A natural tragedy like this one (or like the tsunami in Asia) is a disgrace for which we cannot hold anyone responsible. (Let’s set aside, for a moment, the share of responsibility that societies have in the global warming of the oceans.) Nonetheless, the tragedy of New Orleans demonstrates that a superpower like the United States can mobilize tens of thousands of soldiers, the most advanced technology in the world, the most effective machinery of assault in human history in order to remove a foreign president (or dictator), but prove incapable of reaching thousands of victims of Hurricane Katrina, in a city within its own country. In New Orleans, there were acts of vandalism and violence, rapes and general chaos while victims complained that there were no policemen or soldiers to help them, in an area that found itself under martial law. This complaint was made in front of the cameras, and so we can believe that at least the journalists were able to gain access to those places. Some loot because they are opportunists, others out of desperation, as they begin to experience a situation of struggle for survival previously not seen in the most powerful country in the world. On September 1 president G.W. Bush appealed for private aid and on September 2 he said it was not sufficient. There is no lack of resources, of course (the war in Iraq cost more than three hundred billion dollars, ten times more than all the damages produced by the hurricane in this tragedy); the Congress voted for economic aid of ten billion dollars for the victims. But the latter continued to die, trapped in stadiums, on bridges, without shelter, offering up a jarring image for a country whose poor suffer from problems of overeating, where beggars are fined a thousand dollars for asking for things they don’t need (since the State supposedly provides them everything necessary to survive without desperation in case they can’t do so by their own means). Undocumented Hispanics suffer a double tragedy: they will not receive compensation like their neighbors, but rest assured that they will be the first to take up the task of reconstruction. Who else? What other social group in this country has the physical, moral and spiritual toughness to work under conditions of survival and hopelessness? Or do we still believe in fairy tales?

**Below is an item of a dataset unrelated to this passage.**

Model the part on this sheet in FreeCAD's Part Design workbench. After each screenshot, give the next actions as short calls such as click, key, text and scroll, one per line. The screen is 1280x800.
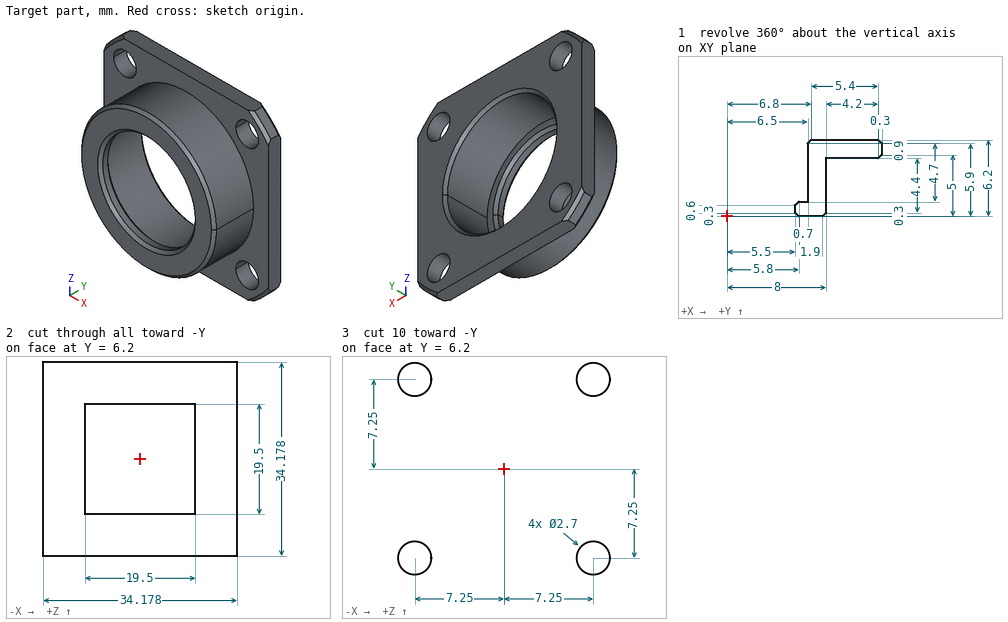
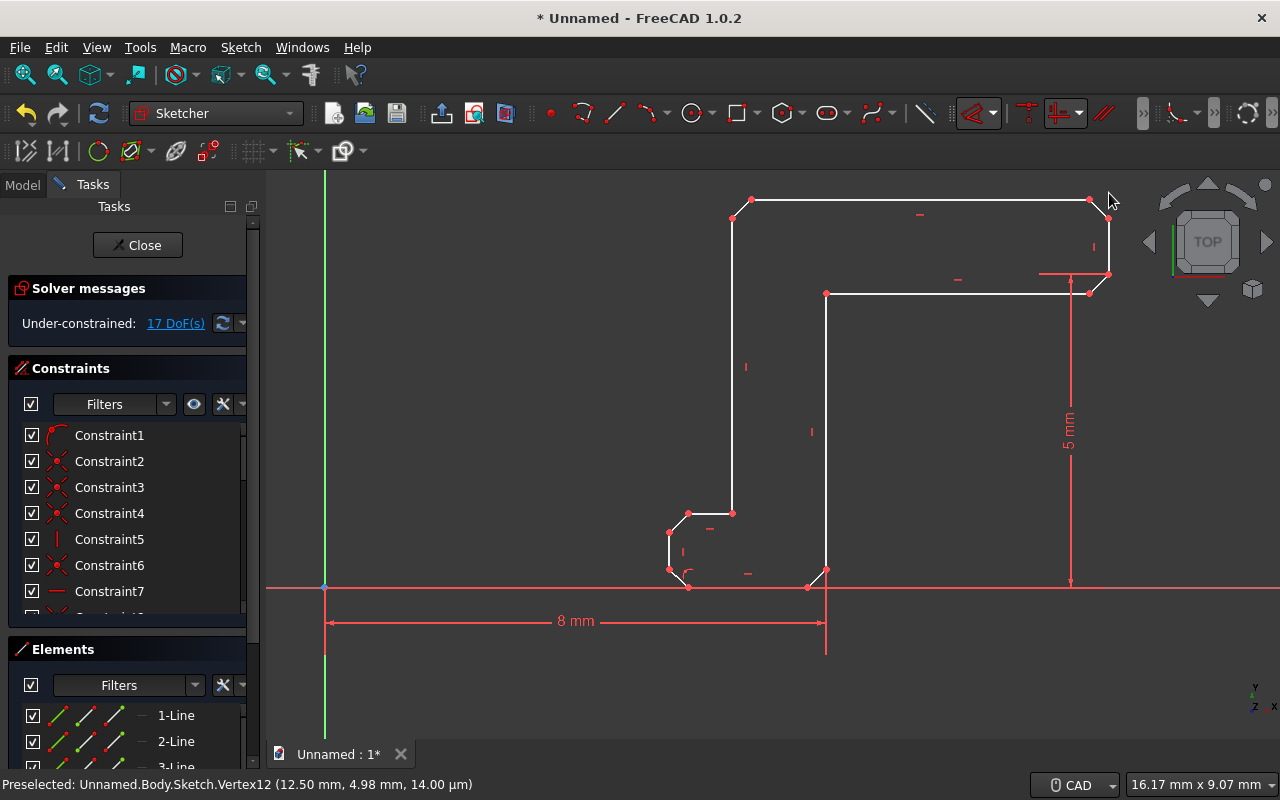
click(724, 588)
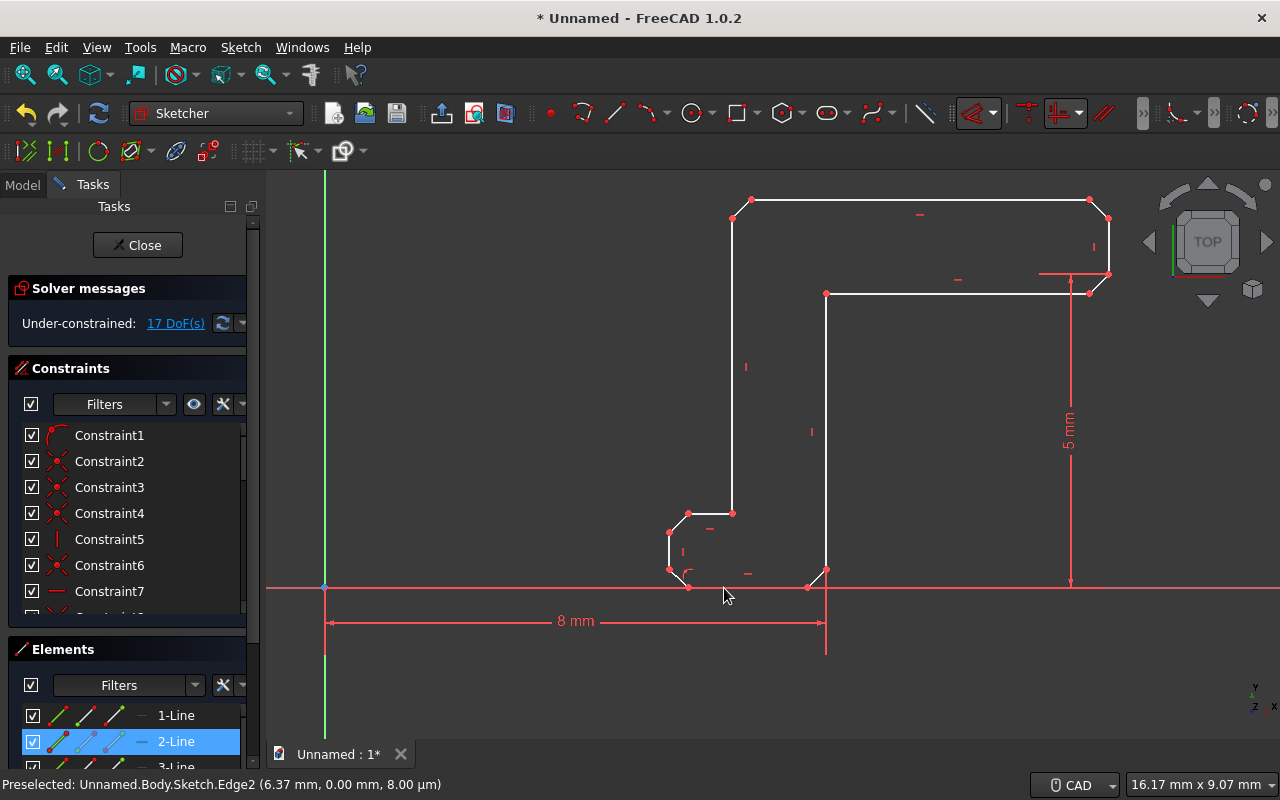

The people of the United States will become aware of the objectives and priorities of this government when they compare its efficiency or inefficiency in different places and moments. But for that to happen they must “see it” on their television sets, in the English-language news media on the Internet, to which they turn out of habit. Because it is of little or no use for them to read it in written texts, since the critical analyses of the New York Times are seemingly useless – a paper that, with a large number of brilliant analysts noting one by one the contradictions of this government, took sides publicly against the the reelection of G. W. Bush. Now, when there is a “fatigue” in public opinion, the majority of the country’s population understands that the intervention in Iraq was a mistake. Of course, as my grandfather used to say, you chirped too late.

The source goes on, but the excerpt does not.